Es aquel azaroso periplo anterior, su desafectada infancia, su meteórico ascenso y su sonora caída en un interminable rosario de adicciones, del que se ocupa -a través de prolongados flashbacks- el guión que firma Lee Hall y en el que Reginald Dwight aprovecha su viaje en cohete a las carteleras de medio mundo para cobrarse cumplida venganza y saldar cuentas pendientes señalando, sin paños calientes, culpables e inocentes en su carrera hacia el Olimpo del pop.
No es casualidad, por tanto, que la relación mejor dibujada de toda la película sea el único asidero al que pudo agarrarse cuando todo se hundía: la hermosa y cómplice amistad que aún a día de hoy le une a Bernie Taupin, el autor de las letras de casi todos sus 'hits' encarnado por un conmovedor Jaime Bell.
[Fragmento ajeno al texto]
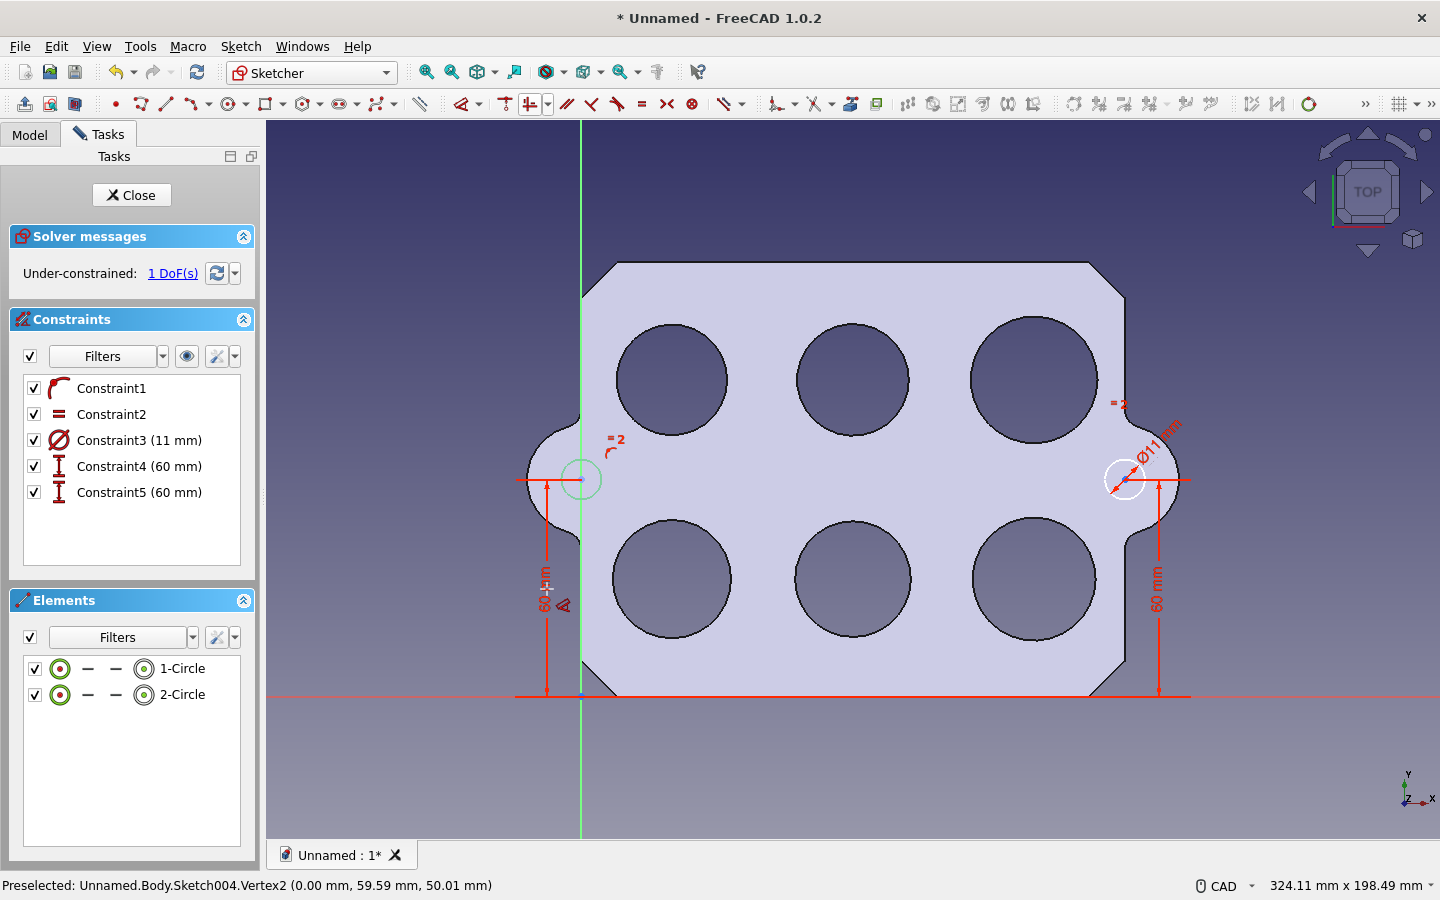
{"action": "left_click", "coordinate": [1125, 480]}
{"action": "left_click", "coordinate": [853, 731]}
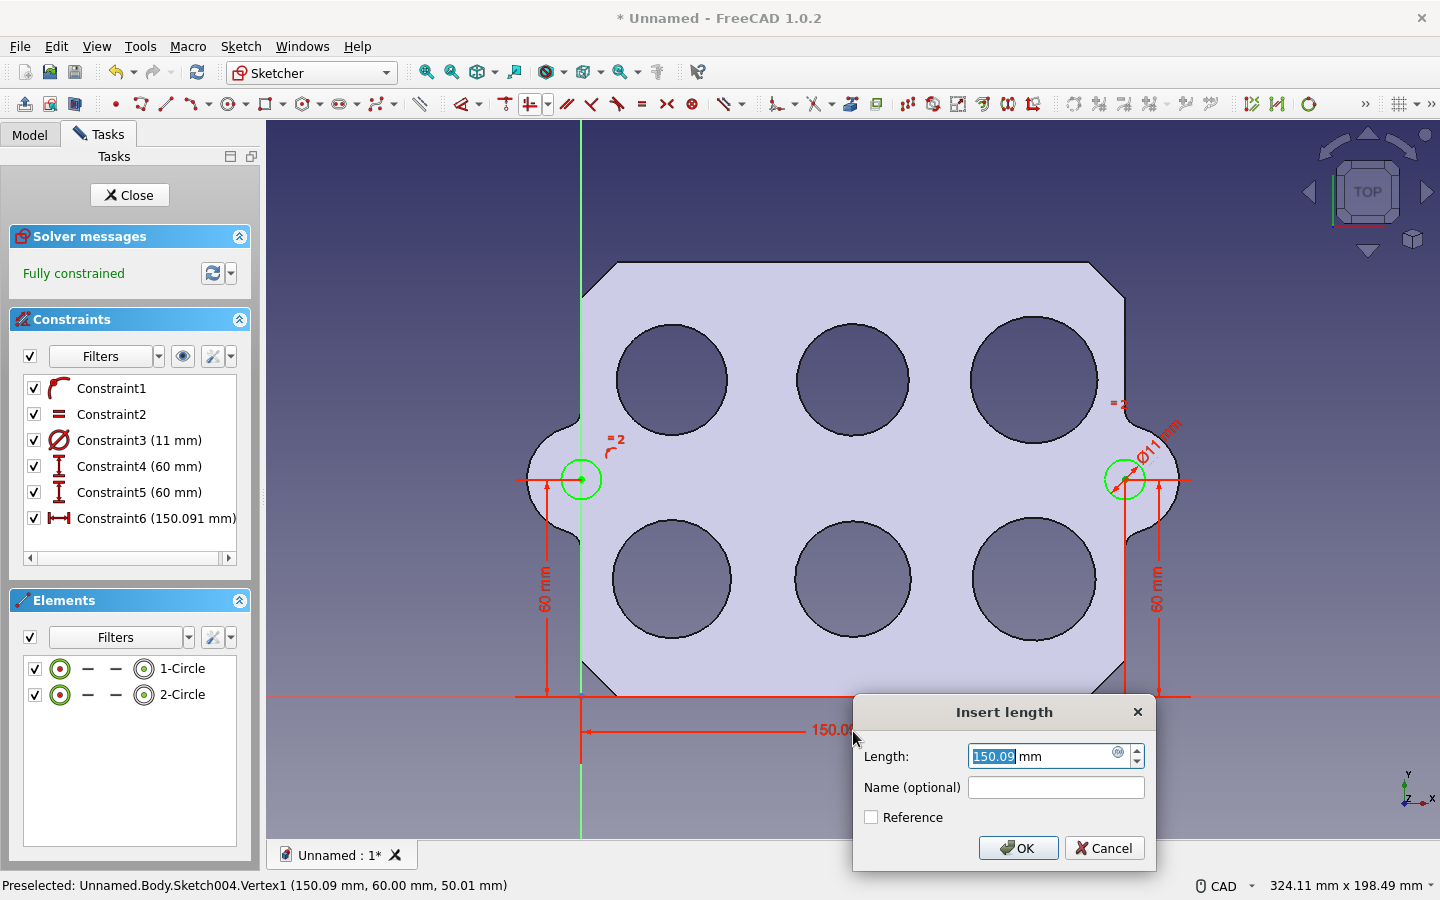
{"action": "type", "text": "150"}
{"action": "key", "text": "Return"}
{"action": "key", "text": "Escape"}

Su impecable interpretación luce sin eclipsar un ápice al verdadero astro de la desmelenada función: Taron Egerton.
Es hora de empezar a tomar muy en serio a este actor que ya demostró no estar falto de carisma en Kingsman ni de simpatía en Eddie el Águila. Aquí, en el trance más exigente de su carrera hasta la fecha, derrocha energía, emoción y voz para superar sin dificultad su evidente distancia física con Reginald Kenneth Dwight y llenar la pantalla con un Elton John que resulta absolutamente creíble tanto en los momentos más íntimos como en esos explosivos pasajes en los que, sin escatimar en lentejuelas, plumas y brillantina, Rocketman se convierte en una celebración desacomplejada, vibrante y excesiva de la música del divo.
Éxtasis musicales en los que fantasía y realidad se confunden deliberadamente para llevar la narración a otro plano pero que, y aquí es donde el filme exhibe su naturaleza de musical puro y duro, no la detienen. Y, en las inevitables comparaciones con Bohemian Rhapsody, quizá sea esta casi perfecta integración de los temas de Elton John en el relato el gran triunfo de este Rocketman, incluso por delante de su falta de empeño en aquello que más se le afeó a la película de Queen: su afán por dulcificar la historia de Freddie Mercury soslayando asuntos tan escabrosos para las majors como el sexo y las drogas. Ambos elementos no solo están presentes en Rocketman, sino que además son parte importante en un filme que es a la vez un chispeante espectáculo de mucha altura... y un exorcismo de mil demonios.